There is no reason to think that any of the warnings are critical. To begin I think that this checks are for the most part useless and misleading.

(.clang-tidy)

Checks: '*,
  -readability-magic-numbers,
  -modernize-use-nodiscard,
  -altera-id-dependent-backward-branch,
  -altera-struct-pack-align,
  -altera-unroll-loops,
  -cert-err58-cpp,
  -cppcoreguidelines-avoid-non-const-global-variables,
  -cppcoreguidelines-macro-usage,
  -cppcoreguidelines-pro-bounds-array-to-pointer-decay,
  -cppcoreguidelines-pro-type-vararg,
  -cppcoreguidelines-avoid-magic-numbers,
  -fuchsia-default-arguments-calls,
  -fuchsia-trailing-return,
  -fuchsia-statically-constructed-objects,
  -fuchsia-overloaded-operator,
  -google-runtime-references,
  -hicpp-vararg,
  -hicpp-no-array-decay,
  -llvm-header-guard,
  -llvmlibc-restrict-system-libc-headers,
  -llvmlibc-implementation-in-namespace,
  -llvmlibc-callee-namespace
'
WarningsAsErrors: '*'
HeaderFilterRegex: '.'
AnalyzeTemporaryDtors: false
FormatStyle: file

Apr 10 '22 01:04 correaa

Q1. If you rerun with AFQMC disabled, what is the new warning count? It would be helpful to know the split between auxiliary and real space warnings.

Q2. Can you see how many magic numbers are used? These should all be turned into named constants and systematized over time. It would be helpful to look out for any pi, e etc. that are not at full precision. We fixed a few of these some month back, but more may exist.

Apr 10 '22 02:04 prckent

Q1. If you rerun with AFQMC disabled, what is the new warning count? It would be helpful to know the split between auxiliary and real space warnings.

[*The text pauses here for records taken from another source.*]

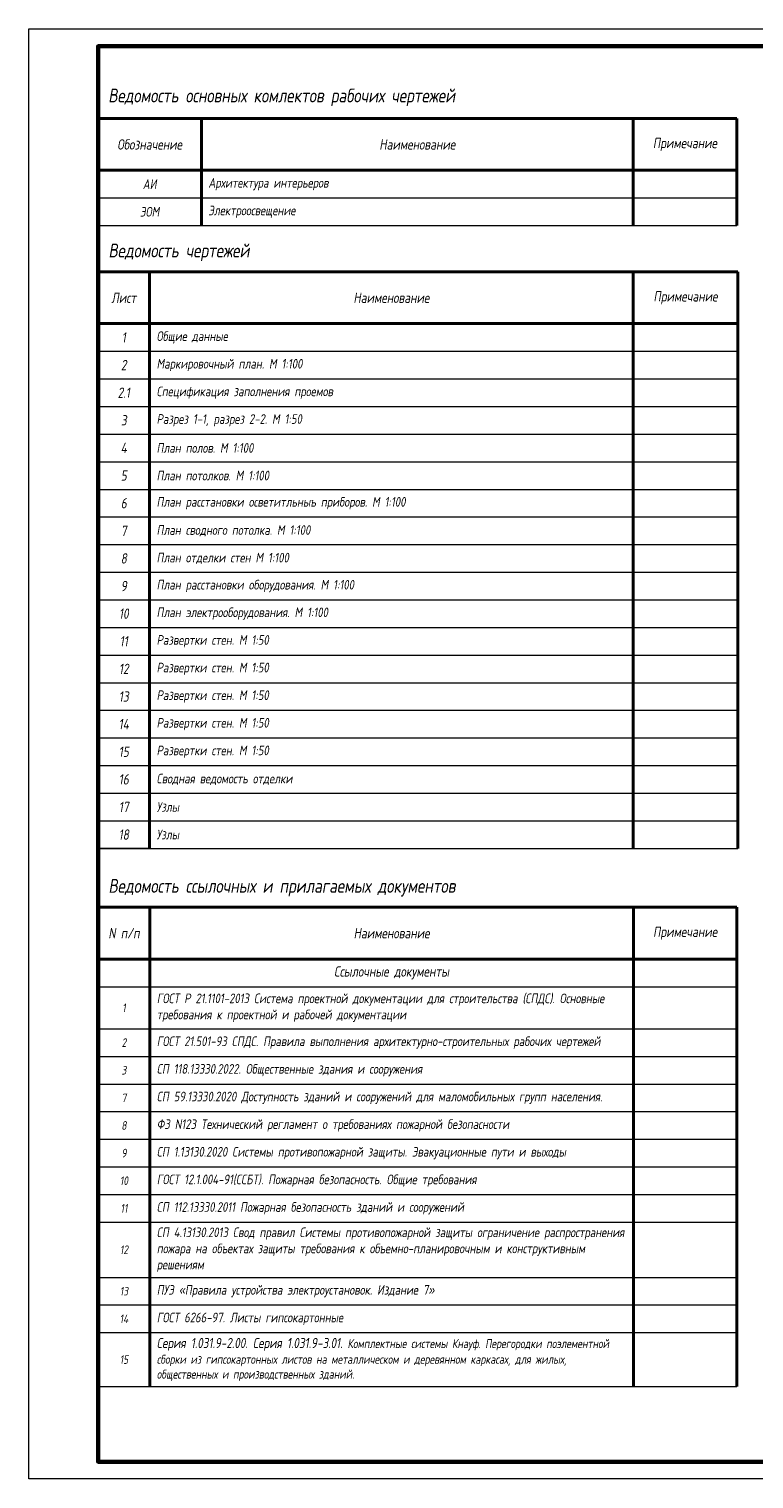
# Paper-space layout '1_Общ' of a CAD drawing. Header units: millimetres. Extents: x -3 to 593, y -2 to 418.
# Tile 1 of 2: x -3 to 207, y -2 to 418. Entities that reach past the tile are written whole.
import ezdxf
from ezdxf.enums import TextEntityAlignment as Align

# ---------------------------------------------------------------- set-up
doc = ezdxf.new("R2010")
doc.units = ezdxf.units.MM
doc.layers.get('Defpoints').update_dxf_attribs({"color": 31})
doc.styles.add('fl_iso paper', font='isocpeur.ttf', dxfattribs={"width": 0.8, "oblique": 10})
doc.styles.add('RomanS', font='isocpeur.ttf', dxfattribs={"width": 0.8, "oblique": 10})

# ---------------------------------------------------------------- blocks, each defined once
blk = doc.blocks.new('*U1627')
at = {"linetype": 'Continuous', "lineweight": 60, "ltscale": 2}
blk.add_lwpolyline([(0, 410), (0, 0), (-569, 0), (-569, 410)], close=True, dxfattribs=at)
at = {"layer": 'Defpoints', "color": 6, "lineweight": 5}
blk.add_lwpolyline([(5, 415), (5, -5), (-589, -5), (-589, 415)], close=True, dxfattribs=at)
at = {"style": 'fl_iso paper', "oblique": 10, "width": 0.8}
for tag, p in [('LIST', (-27.5, 20)), ('PLAN2', (-85, 4.7))]:
    blk.add_attdef(tag, text='', height=3.5, dxfattribs=at).set_placement(p, align=Align.MIDDLE)
blk = doc.blocks.new('*T99')
at = {"color": 0, "linetype": 'ByBlock', "lineweight": 40, "transparency": 16777216}
for p, q in [((0, 0), (185.33, 0)), ((0, 0), (0, -167)), ((15, 0), (15, -167)), ((155, 0), (155, -167)), ((185.33, 0), (185.33, -167)), ((0, -15), (185.33, -15))]:
    blk.add_line(p, q, dxfattribs=at)
at = {"color": 0, "linetype": 'ByBlock', "lineweight": 15, "transparency": 16777216}
for p, q in [((0, -23), (185.33, -23)), ((0, -31), (185.33, -31)), ((0, -39), (185.33, -39)), ((0, -47), (185.33, -47)), ((0, -55), (185.33, -55)), ((0, -63), (185.33, -63)), ((0, -71), (185.33, -71)), ((0, -79), (185.33, -79)), ((0, -87), (185.33, -87)), ((0, -95), (185.33, -95)), ((0, -103), (185.33, -103)), ((0, -111), (185.33, -111)), ((0, -119), (185.33, -119)), ((0, -127), (185.33, -127)), ((0, -135), (185.33, -135)), ((0, -143), (185.33, -143)), ((0, -151), (185.33, -151)), ((0, -159), (185.33, -159)), ((15, -167), (185.33, -167))]:
    blk.add_line(p, q, dxfattribs=at)
at = {"color": 0, "linetype": 'ByBlock', "lineweight": -2, "transparency": 16777216}
blk.add_line((0, -167), (15, -167), dxfattribs=at)
at = {"color": 0, "transparency": 16777216}
for s, insert, char_height, width, attachment_point, style in [('{\\C256;Лист}', (7.5, -7.5), 3, 12, 5, 'RomanS'), ('{\\C7;Наименование }', (85, -7.5), 3, 137, 5, 'RomanS'), ('{\\C7;Примечание}', (170.16, -7.5), 3, 27.3299, 5, 'RomanS'), ('1', (7.5, -19), 3, 12, 5, 'fl_iso paper'), ('{\\C256;Общие данные}', (17, -19), 2.8, 136, 4, 'RomanS'), ('2', (7.5, -27), 3, 12, 5, 'fl_iso paper'), ('{\\C7;Маркировочный план. M 1:100}', (17, -27), 2.8, 136, 4, 'RomanS'), ('2.1', (7.5, -35), 3, 12, 5, 'fl_iso paper'), ('{\\C7;Спецификация заполнения проемов}', (17, -35), 2.8, 136, 4, 'RomanS'), ('3', (7.5, -43), 3, 12, 5, 'fl_iso paper'), ('Разрез 1-1, разрез 2-2. М 1:50', (17, -43), 2.8, 136, 4, 'RomanS'), ('4', (7.5, -51), 3, 12, 5, 'fl_iso paper'), ('{\\C7;План полов. M 1:100}', (17, -51), 2.8, 136, 4, 'RomanS'), ('5', (7.5, -59), 3, 12, 5, 'fl_iso paper'), ('{\\C7;План потолков. M 1:100}', (17, -59), 2.8, 136, 4, 'RomanS'), ('6', (7.5, -67), 3, 12, 5, 'fl_iso paper'), ('{\\C7;План расстановки осветитльныъ приборов. M 1:100}', (17, -67), 2.8, 136, 4, 'RomanS'), ('7', (7.5, -75), 3, 12, 5, 'fl_iso paper'), ('{\\C7;План сводного потолка. M 1:100}', (17, -75), 2.8, 136, 4, 'RomanS'), ('8', (7.5, -83), 3, 12, 5, 'fl_iso paper'), ('{\\C7;План отделки стен M 1:100}', (17, -83), 2.8, 136, 4, 'RomanS'), ('9', (7.5, -91), 3, 12, 5, 'fl_iso paper'), ('{\\C7;План расстановки оборудования. М 1:100}', (17, -91), 2.8, 136, 4, 'RomanS'), ('10', (7.5, -99), 3, 12, 5, 'fl_iso paper'), ('{\\C7;План электрооборудования. М 1:100}', (17, -99), 2.8, 136, 4, 'RomanS'), ('11', (7.5, -107), 3, 12, 5, 'fl_iso paper'), ('{\\C256;Развертки стен.\\C7; M 1:50}', (17, -107), 2.8, 136, 4, 'RomanS'), ('12', (7.5, -115), 3, 12, 5, 'fl_iso paper'), ('{\\C256;Развертки стен.\\C7; M 1:50}', (17, -115), 2.8, 136, 4, 'RomanS'), ('13', (7.5, -123), 3, 12, 5, 'fl_iso paper'), ('{\\C256;Развертки стен.\\C7; M 1:50}', (17, -123), 2.8, 136, 4, 'RomanS'), ('14', (7.5, -131), 3, 12, 5, 'fl_iso paper'), ('{\\C256;Развертки стен.\\C7; M 1:50}', (17, -131), 2.8, 136, 4, 'RomanS'), ('15', (7.5, -139), 3, 12, 5, 'fl_iso paper'), ('{\\C256;Развертки стен.\\C7; M 1:50}', (17, -139), 2.8, 136, 4, 'RomanS'), ('16', (7.5, -147), 3, 12, 5, 'fl_iso paper'), ('Сводная ведомость отделки', (17, -147), 2.8, 136, 4, 'RomanS'), ('17', (7.5, -155), 3, 12, 5, 'fl_iso paper'), ('Узлы', (17, -155), 2.8, 136, 4, 'RomanS'), ('18', (7.5, -163), 3, 12, 5, 'fl_iso paper'), ('Узлы', (17, -163), 2.8, 136, 4, 'RomanS')]:
    blk.add_mtext(s, dxfattribs=dict(at, insert=insert, char_height=char_height, width=width, attachment_point=attachment_point, style=style))
blk = doc.blocks.new('*T100')
at = {"color": 0, "linetype": 'ByBlock', "lineweight": 40, "transparency": 16777216}
for p, q in [((0, 0), (185, 0)), ((0, 0), (0, -138.79)), ((15, 0), (15, -138.79)), ((155, 0), (155, -138.79)), ((185, 0), (185, -138.79)), ((0, -15), (185, -15))]:
    blk.add_line(p, q, dxfattribs=at)
at = {"color": 0, "linetype": 'ByBlock', "lineweight": 15, "transparency": 16777216}
for p, q in [((0, -23), (185, -23)), ((0, -35.2), (185, -35.2)), ((0, -43.2), (185, -43.2)), ((0, -51.2), (185, -51.2)), ((0, -59.2), (185, -59.2)), ((0, -67.2), (185, -67.2)), ((0, -75.2), (185, -75.2)), ((0, -83.2), (185, -83.2)), ((0, -91.2), (185, -91.2)), ((0, -107.2), (185, -107.2)), ((0, -115.2), (185, -115.2)), ((0, -123.2), (185, -123.2)), ((0, -138.79), (185, -138.79))]:
    blk.add_line(p, q, dxfattribs=at)
at = {"color": 0, "transparency": 16777216}
for s, insert, char_height, width, attachment_point, style in [('{\\C256;N п/п}', (7.5, -7.5), 3, 12, 5, 'RomanS'), ('{\\C7;Наименование }', (85, -7.5), 3, 137, 5, 'RomanS'), ('{\\C7;Примечание}', (170, -7.5), 3, 27, 5, 'RomanS'), ('Ссылочные документы', (85, -19), 3, 137, 5, 'RomanS'), ('{\\C256;ГОСТ Р 21.1101-2013 Система проектной документации для строительства (СПДС). Основные требования к проектной и рабочей документации                      }', (17, -29.1), 2.8, 136, 4, 'fl_iso paper'), ('1', (7.5, -29.1), 2.5, 12, 5, 'RomanS'), ('2', (7.5, -39.2), 2.5, 12, 5, 'RomanS'), ('ГОСТ 21.501-93 СПДС. Правила выполнения архитектурно-строительных рабочих чертежей', (17, -39.2), 2.8, 136, 4, 'fl_iso paper'), ('3', (7.5, -47.2), 2.5, 12, 5, 'RomanS'), ('{\\C256;СП 118.13330.2022. Общественные здания и сооружения   }', (17, -47.2), 2.8, 136, 4, 'fl_iso paper'), ('7', (7.5, -55.2), 2.5, 12, 5, 'RomanS'), ('СП 59.13330.2020 Доступность зданий и сооружений для маломобильных групп населения.', (17, -55.2), 2.8, 136, 4, 'fl_iso paper'), ('ФЗ N123 Технический регламент о требованиях пожарной безопасности ', (17, -63.2), 2.8, 136, 4, 'fl_iso paper'), ('8', (7.5, -63.2), 2.5, 12, 5, 'RomanS'), ('СП 1.13130.2020 Системы противопожарной защиты. Эвакуационные пути и выходы', (17, -71.2), 2.8, 136, 4, 'fl_iso paper'), ('9', (7.5, -71.2), 2.5, 12, 5, 'RomanS'), ('10', (7.5, -79.2), 2.5, 12, 5, 'RomanS'), ('ГОСТ 12.1.004-91(ССБТ). Пожарная безопасность. Общие требования', (17, -79.2), 2.8, 136, 4, 'fl_iso paper'), ('11', (7.5, -87.2), 2.5, 12, 5, 'RomanS'), ('СП 112.13330.2011 Пожарная безопасность зданий и сооружений', (17, -87.2), 2.8, 136, 4, 'fl_iso paper'), ('{\\C256;СП 4.13130.2013 Свод правил Системы противопожарной защиты ограничение распространения пожара на объектах защиты требования к объемно-планировочным и конструктивным решениям}', (17, -99.2), 2.8, 136, 4, 'fl_iso paper'), ('12', (7.5, -99.2), 2.5, 12, 5, 'RomanS'), ('13', (7.5, -111.2), 2.5, 12, 5, 'RomanS'), ('{\\C256;ПУЭ «Правила устройства электроустановок. Издание 7»        }', (17, -111.2), 2.8, 136, 4, 'fl_iso paper'), ('ГОСТ 6266-97. Листы гипсокартонные     ', (17, -119.2), 2.8, 136, 4, 'fl_iso paper'), ('14', (7.5, -119.2), 2.5, 12, 5, 'RomanS'), ('{\\H1.0448x;Серия 1.031.9-2.00. Серия 1.031.9-3.01.\\H0.95712x; \\H0.92537x;Комплектные системы Кнауф. Перегородки поэлементной сборки из гипсокартонных листов на металлическом и деревянном каркасах, для жилых, общественных и производственных зданий.}', (17, -131), 2.8, 136, 4, 'fl_iso paper'), ('15', (7.5, -131), 2.5, 12, 5, 'RomanS')]:
    blk.add_mtext(s, dxfattribs=dict(at, insert=insert, char_height=char_height, width=width, attachment_point=attachment_point, style=style))
blk = doc.blocks.new('*T101')
at = {"color": 0, "linetype": 'ByBlock', "lineweight": 40, "transparency": 16777216}
for p, q in [((0, 0), (185, 0)), ((0, 0), (0, -31)), ((30, 0), (30, -31)), ((155, 0), (155, -31)), ((185, 0), (185, -31)), ((0, -15), (185, -15))]:
    blk.add_line(p, q, dxfattribs=at)
at = {"color": 0, "linetype": 'ByBlock', "lineweight": 15, "transparency": 16777216}
for p, q in [((0, -23), (185, -23)), ((0, -31), (185, -31))]:
    blk.add_line(p, q, dxfattribs=at)
at = {"color": 0, "transparency": 16777216}
for s, insert, char_height, width, attachment_point, style in [('{\\C256;Обозначение}', (15, -7.5), 3, 27, 5, 'RomanS'), ('{\\C7;Наименование }', (92.5, -7.5), 3, 122, 5, 'RomanS'), ('{\\C7;Примечание}', (170, -7.5), 3, 27, 5, 'RomanS'), ('АИ', (15, -19), 2.8, 27, 5, 'fl_iso paper'), ('{\\C256;Архитектура интерьеров}', (32, -19), 2.8, 121, 4, 'RomanS'), ('ЭОМ', (15, -27), 2.8, 27, 5, 'fl_iso paper'), ('{\\C256;Электроосвещение}', (32, -27), 2.8, 121, 4, 'RomanS')]:
    blk.add_mtext(s, dxfattribs=dict(at, insert=insert, char_height=char_height, width=width, attachment_point=attachment_point, style=style))

psp = doc.layouts.new('1_Общ')

# ---------------------------------------------------------------- block references
at = {"color": 1, "lineweight": 18}
psp.add_blockref('*U1627', (586.18, 3.47), dxfattribs=at)
for name, p in [('*T101', (17.12, 392.53)), ('*T99', (17.12, 348.12)), ('*T100', (17.18, 164.07))]:
    psp.add_blockref(name, p)

# ---------------------------------------------------------------- texts
at = {"color": 7, "linetype": 'ByBlock', "char_height": 4, "width": 140, "attachment_point": 4, "style": 'fl_iso paper'}
for s, insert in [('{\\C256;Ведомость основных комлектов рабочих чертежей}', (20.12, 398.66)), ('Ведомость чертежей ', (20.18, 353.77)), ('{\\C256;Ведомость ссылочных и прилагаемых документов}', (20.18, 169.72))]:
    psp.add_mtext(s, dxfattribs=dict(at, insert=insert))

doc.saveas('drawing.dxf')

A1. This is very strange I though that by doing grep AFQMC on the output file I would see the warnings from AFQMC, at least because of the path. But almost nothing appeared. There is something fishy about that, either clang-tidy didn't finish or for some reason the AFQMC part was not compiled.

To confirm that, I am running again with:

cmake -DCMAKE_C_COMPILER=clang -DCMAKE_CXX_COMPILER=clang++ -DBUILD_AFQMC=0 -DQMC_MIXED_PRECISION=1 -DCMAKE_BUILD_TYPE=Debug -DMPIEXEC_PREFLAGS="--allow-run-as-root;--bind-to;none" -DCMAKE_CXX_CLANG_TIDY="clang-tidy;-checks=*"  ..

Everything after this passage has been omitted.